» **Your goal**
Quote only the lines that start at the line with "Can you work out the 3D cuboid of the medicine" and run to the end of the entries; omit the pictures.

(Recorded data)
=-=-=

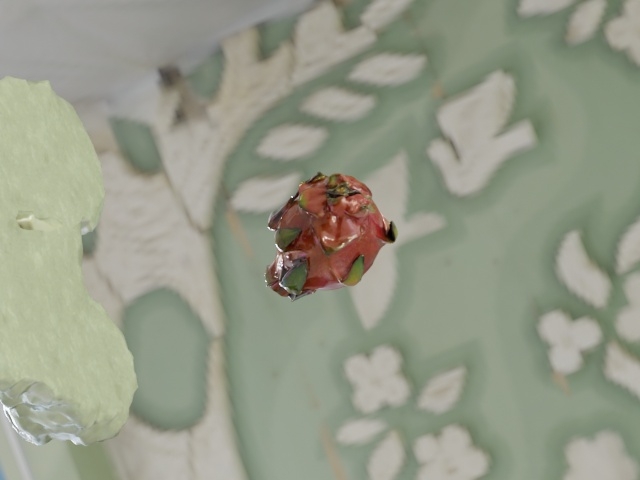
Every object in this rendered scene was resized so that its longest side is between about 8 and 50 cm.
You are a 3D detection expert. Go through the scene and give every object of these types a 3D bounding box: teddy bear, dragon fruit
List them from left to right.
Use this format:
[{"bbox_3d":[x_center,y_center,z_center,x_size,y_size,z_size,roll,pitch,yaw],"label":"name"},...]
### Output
[{"bbox_3d":[-0.353,0.021,0.979,0.362,0.327,0.375,-16,-18,19],"label":"teddy bear"},{"bbox_3d":[-0.001,0.002,1.318,0.081,0.086,0.116,23,-63,-31],"label":"dragon fruit"}]
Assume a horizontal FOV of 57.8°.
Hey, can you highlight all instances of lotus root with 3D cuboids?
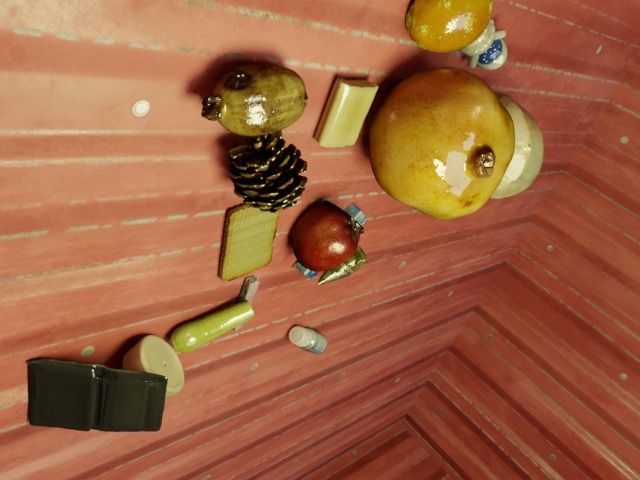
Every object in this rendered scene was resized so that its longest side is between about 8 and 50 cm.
[{"bbox_3d":[-0.136,-0.293,1.214,0.260,0.128,0.145,-21,114,-36],"label":"lotus root"}]

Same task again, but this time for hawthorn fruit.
[{"bbox_3d":[0.000,0.000,1.707,0.251,0.189,0.189,-33,152,14],"label":"hawthorn fruit"}]

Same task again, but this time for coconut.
[{"bbox_3d":[0.555,-0.302,1.881,0.353,0.352,0.352,-32,146,-25],"label":"coconut"}]

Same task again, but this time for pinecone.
[{"bbox_3d":[-0.128,-0.162,1.339,0.184,0.179,0.204,-14,140,28],"label":"pinecone"}]

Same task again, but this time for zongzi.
[{"bbox_3d":[0.062,0.093,1.914,0.184,0.084,0.187,-38,174,-3],"label":"zongzi"}]

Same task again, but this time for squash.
[{"bbox_3d":[-0.311,0.247,1.660,0.250,0.083,0.083,-23,142,-28],"label":"squash"}]

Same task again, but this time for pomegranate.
[{"bbox_3d":[0.340,-0.257,1.590,0.417,0.417,0.416,-32,146,-25],"label":"pomegranate"}]

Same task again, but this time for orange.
[{"bbox_3d":[0.341,-0.575,1.460,0.237,0.158,0.179,-36,150,-19],"label":"orange"}]

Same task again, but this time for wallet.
[{"bbox_3d":[-0.548,0.390,1.432,0.323,0.041,0.247,8,124,-16],"label":"wallet"}]

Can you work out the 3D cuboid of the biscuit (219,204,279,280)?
[{"bbox_3d":[-0.193,-0.004,1.581,0.172,0.029,0.254,-22,141,-37],"label":"biscuit"}]

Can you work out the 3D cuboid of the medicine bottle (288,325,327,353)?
[{"bbox_3d":[-0.046,0.365,2.141,0.083,0.083,0.203,-48,149,0],"label":"medicine bottle"}]

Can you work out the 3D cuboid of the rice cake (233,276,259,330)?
[{"bbox_3d":[-0.231,0.194,1.756,0.047,0.036,0.206,-3,129,-37],"label":"rice cake"}]

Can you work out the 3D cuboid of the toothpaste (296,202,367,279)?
[{"bbox_3d":[0.036,0.004,1.853,0.272,0.053,0.066,-47,150,1],"label":"toothpaste"}]

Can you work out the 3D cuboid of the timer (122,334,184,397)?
[{"bbox_3d":[-0.521,0.390,1.546,0.266,0.175,0.175,-31,151,9],"label":"timer"}]

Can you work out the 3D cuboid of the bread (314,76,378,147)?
[{"bbox_3d":[0.064,-0.328,1.495,0.140,0.060,0.178,-11,134,-44],"label":"bread"}]

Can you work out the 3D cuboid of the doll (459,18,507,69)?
[{"bbox_3d":[0.470,-0.571,1.684,0.138,0.119,0.293,-42,159,24],"label":"doll"}]
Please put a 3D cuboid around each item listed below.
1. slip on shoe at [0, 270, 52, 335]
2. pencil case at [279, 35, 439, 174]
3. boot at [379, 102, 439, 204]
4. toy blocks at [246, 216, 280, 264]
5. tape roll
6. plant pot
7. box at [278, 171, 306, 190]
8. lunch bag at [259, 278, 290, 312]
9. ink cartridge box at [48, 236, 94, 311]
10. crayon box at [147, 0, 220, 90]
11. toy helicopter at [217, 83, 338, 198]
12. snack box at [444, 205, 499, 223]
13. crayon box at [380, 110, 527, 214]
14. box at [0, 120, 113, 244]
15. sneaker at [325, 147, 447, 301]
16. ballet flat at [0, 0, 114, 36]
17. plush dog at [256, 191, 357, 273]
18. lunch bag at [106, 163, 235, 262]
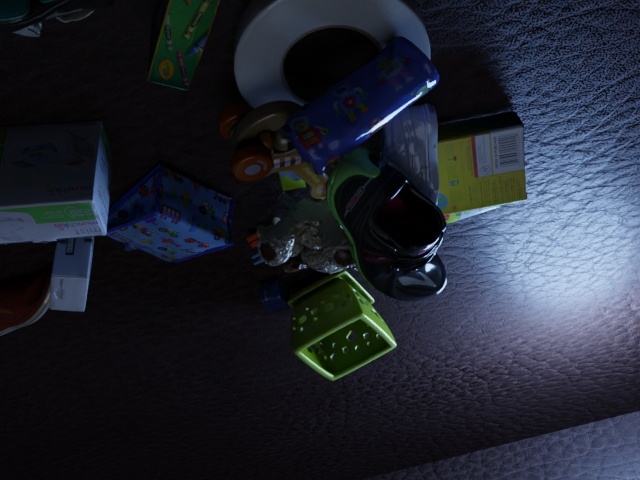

=-=-=

» **Answer box**
Can you work out the 3D cuboid of the medicine bottle (288,325,327,353)?
[{"bbox_3d":[-0.046,0.365,2.141,0.083,0.083,0.203,-48,149,0],"label":"medicine bottle"}]

Can you work out the 3D cuboid of the rice cake (233,276,259,330)?
[{"bbox_3d":[-0.231,0.194,1.756,0.047,0.036,0.206,-3,129,-37],"label":"rice cake"}]

Can you work out the 3D cuboid of the toothpaste (296,202,367,279)?
[{"bbox_3d":[0.036,0.004,1.853,0.272,0.053,0.066,-47,150,1],"label":"toothpaste"}]

Can you work out the 3D cuboid of the timer (122,334,184,397)?
[{"bbox_3d":[-0.521,0.390,1.546,0.266,0.175,0.175,-31,151,9],"label":"timer"}]

Can you work out the 3D cuboid of the bread (314,76,378,147)?
[{"bbox_3d":[0.064,-0.328,1.495,0.140,0.060,0.178,-11,134,-44],"label":"bread"}]

Can you work out the 3D cuboid of the doll (459,18,507,69)?
[{"bbox_3d":[0.470,-0.571,1.684,0.138,0.119,0.293,-42,159,24],"label":"doll"}]
Please put a 3D cuboid around each item listed below.
1. slip on shoe at [0, 270, 52, 335]
2. pencil case at [279, 35, 439, 174]
3. boot at [379, 102, 439, 204]
4. toy blocks at [246, 216, 280, 264]
5. tape roll
6. plant pot
7. box at [278, 171, 306, 190]
8. lunch bag at [259, 278, 290, 312]
9. ink cartridge box at [48, 236, 94, 311]
10. crayon box at [147, 0, 220, 90]
11. toy helicopter at [217, 83, 338, 198]
12. snack box at [444, 205, 499, 223]
13. crayon box at [380, 110, 527, 214]
14. box at [0, 120, 113, 244]
15. sneaker at [325, 147, 447, 301]
16. ballet flat at [0, 0, 114, 36]
17. plush dog at [256, 191, 357, 273]
18. lunch bag at [106, 163, 235, 262]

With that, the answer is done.